FLEXIBILITY in the workplace has consistently been identified as the most important measure to attract and retain female workers, according to the Chamber of Commerce and Industry's recent Women in the Workforce discussion paper.

But while some new mothers want greater flexibility when they return to work, others choose to start their own home-based businesses, allowing them to spend time with their children while remaining engaged with the business world.

Owner of Interactive Arts, Fleur Allen, started her art sales and rental business in December 2007 when her son, Charlie, was one year old.

From a small base, Ms Allen's business now has 25 local artists under management, as well as an online galley and art rental service.

"I always had the dream to work for myself and after being at home I thought if I wanted to work, I wanted to be based at home and be doing something I really enjoyed," Ms Allen said.

"My whole outlook on life completely changed. I was very career motivated and driven and believed in what I did. I still think what I did was worthwhile, but I wanted to do something that would work into my life a bit more, and that is working from home and being my own boss."

Former lawyer Sarah Wilkins and her friend, former accountant Emma Wright, started Next Phase Recruitment in 2007 after identifying a need for a recruitment service targeting professional women wanting to re-enter the workforce after having children.

"Like us, some of our friends had great experience but were finding it difficult to find something that could balance their priorities," she said.
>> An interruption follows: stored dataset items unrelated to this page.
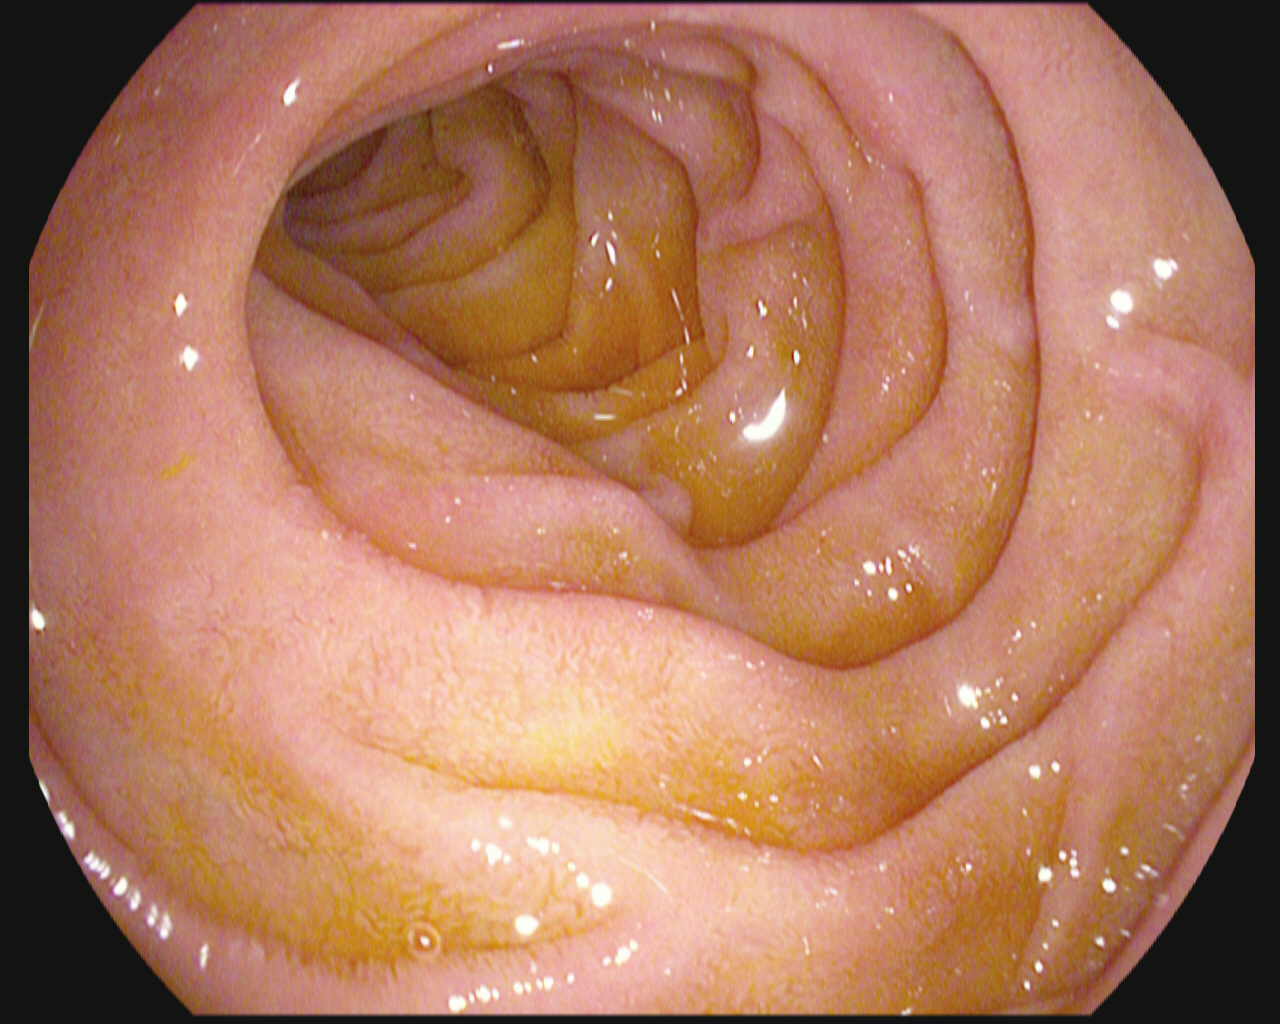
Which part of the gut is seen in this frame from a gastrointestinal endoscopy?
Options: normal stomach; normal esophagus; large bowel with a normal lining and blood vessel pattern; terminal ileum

terminal ileum
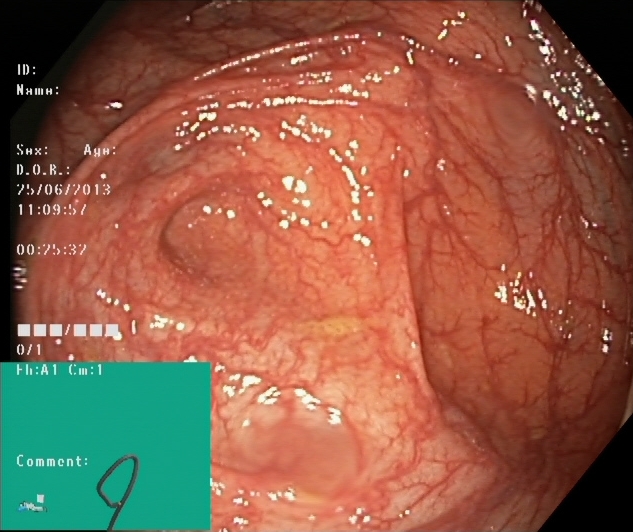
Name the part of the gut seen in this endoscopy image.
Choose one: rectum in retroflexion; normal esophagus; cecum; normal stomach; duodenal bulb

cecum
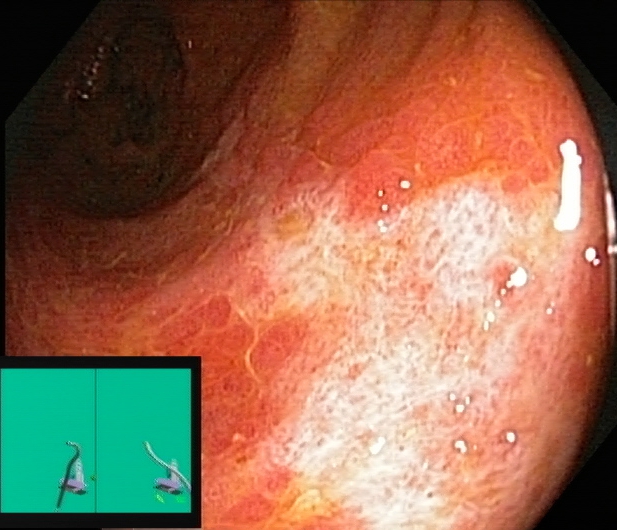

"Flexibility is the number one retention factor for staff."

Tammy Wayne Elliot started her communications business, Sophia's Choice Communications, when her daughter, Sophia, was four months old.

Using her previous business contacts and networks, Ms Elliot said she was surprised at the demand for her skills and experience, and now commits three days a week, full time, to her business.

"You don't need to apologise, there's nothing wrong with having ambition and wanting to work and having the desire to work," Ms Elliot said.

Access to affordable, high quality childcare and government childcare assistance and paid parental leave is also high on the list of incentives to encourage women to stay in, or return to, the workforce.

Government legislation currently provides for up to 12 months unpaid parental leave, with additional statutory requirements to come into effect as of January 1 next year.

Among the changes, employees will be able to request an additional 12 months of unpaid parental leave, and request flexible working arrangements until their child reaches school age.